## [WORK REQUIRED]
In the listing below, find each line with the string "probe" and return it.

## [DATA EXTRACT]
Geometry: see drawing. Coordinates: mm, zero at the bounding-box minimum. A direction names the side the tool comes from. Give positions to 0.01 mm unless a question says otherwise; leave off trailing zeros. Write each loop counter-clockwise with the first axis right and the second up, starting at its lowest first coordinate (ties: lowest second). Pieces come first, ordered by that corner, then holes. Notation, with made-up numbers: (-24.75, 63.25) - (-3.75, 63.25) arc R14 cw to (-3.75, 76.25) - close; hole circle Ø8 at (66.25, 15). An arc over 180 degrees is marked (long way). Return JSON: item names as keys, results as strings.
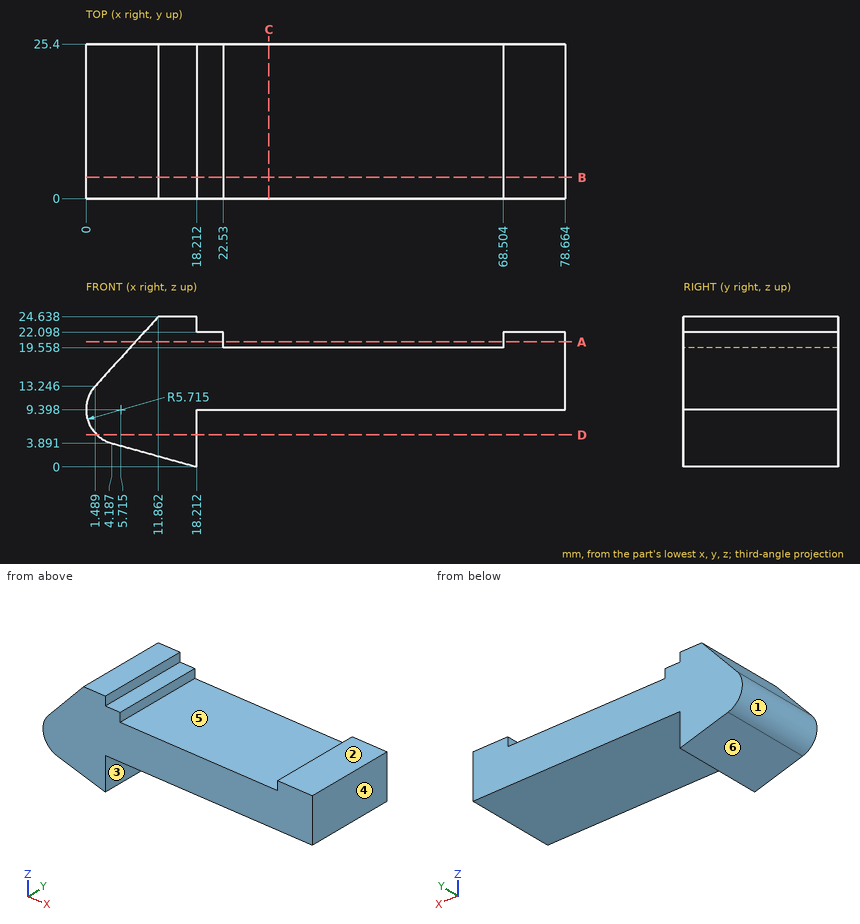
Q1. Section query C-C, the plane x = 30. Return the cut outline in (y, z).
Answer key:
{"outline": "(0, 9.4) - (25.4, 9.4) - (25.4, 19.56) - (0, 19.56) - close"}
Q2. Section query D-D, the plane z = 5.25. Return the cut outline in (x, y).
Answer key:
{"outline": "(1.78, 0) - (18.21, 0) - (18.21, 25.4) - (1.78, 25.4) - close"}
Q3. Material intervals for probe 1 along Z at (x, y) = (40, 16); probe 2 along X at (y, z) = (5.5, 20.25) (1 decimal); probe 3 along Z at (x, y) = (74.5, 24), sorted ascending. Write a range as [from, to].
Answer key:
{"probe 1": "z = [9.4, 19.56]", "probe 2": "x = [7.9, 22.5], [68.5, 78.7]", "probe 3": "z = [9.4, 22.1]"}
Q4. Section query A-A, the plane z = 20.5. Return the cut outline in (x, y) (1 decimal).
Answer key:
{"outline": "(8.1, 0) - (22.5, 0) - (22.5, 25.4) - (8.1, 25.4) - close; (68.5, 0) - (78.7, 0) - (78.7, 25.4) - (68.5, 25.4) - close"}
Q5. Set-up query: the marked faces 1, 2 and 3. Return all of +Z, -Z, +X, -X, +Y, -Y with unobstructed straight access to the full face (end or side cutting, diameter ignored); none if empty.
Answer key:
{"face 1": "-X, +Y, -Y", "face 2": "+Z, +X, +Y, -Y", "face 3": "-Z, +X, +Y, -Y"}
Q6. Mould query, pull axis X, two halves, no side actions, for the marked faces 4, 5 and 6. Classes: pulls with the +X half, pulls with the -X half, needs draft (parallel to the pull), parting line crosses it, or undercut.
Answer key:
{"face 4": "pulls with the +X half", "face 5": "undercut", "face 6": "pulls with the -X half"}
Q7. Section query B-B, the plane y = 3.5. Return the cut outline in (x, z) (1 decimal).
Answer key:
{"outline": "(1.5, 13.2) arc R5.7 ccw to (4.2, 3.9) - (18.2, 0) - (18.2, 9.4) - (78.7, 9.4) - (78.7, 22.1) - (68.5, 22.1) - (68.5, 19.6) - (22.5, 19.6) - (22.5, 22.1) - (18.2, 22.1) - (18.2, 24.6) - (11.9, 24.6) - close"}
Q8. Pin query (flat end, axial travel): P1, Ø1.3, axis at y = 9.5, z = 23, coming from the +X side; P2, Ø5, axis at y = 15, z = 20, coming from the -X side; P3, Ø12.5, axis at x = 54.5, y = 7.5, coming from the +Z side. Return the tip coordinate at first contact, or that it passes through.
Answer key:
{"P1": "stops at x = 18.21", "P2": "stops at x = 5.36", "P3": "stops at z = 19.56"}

## [TASK ANSWER]
Q3. Material intervals for probe 1 along Z at (x, y) = (40, 16); probe 2 along X at (y, z) = (5.5, 20.25) (1 decimal); probe 3 along Z at (x, y) = (74.5, 24), sorted ascending. Write a range as [from, to].
{"probe 1": "z = [9.4, 19.56]", "probe 2": "x = [7.9, 22.5], [68.5, 78.7]", "probe 3": "z = [9.4, 22.1]"}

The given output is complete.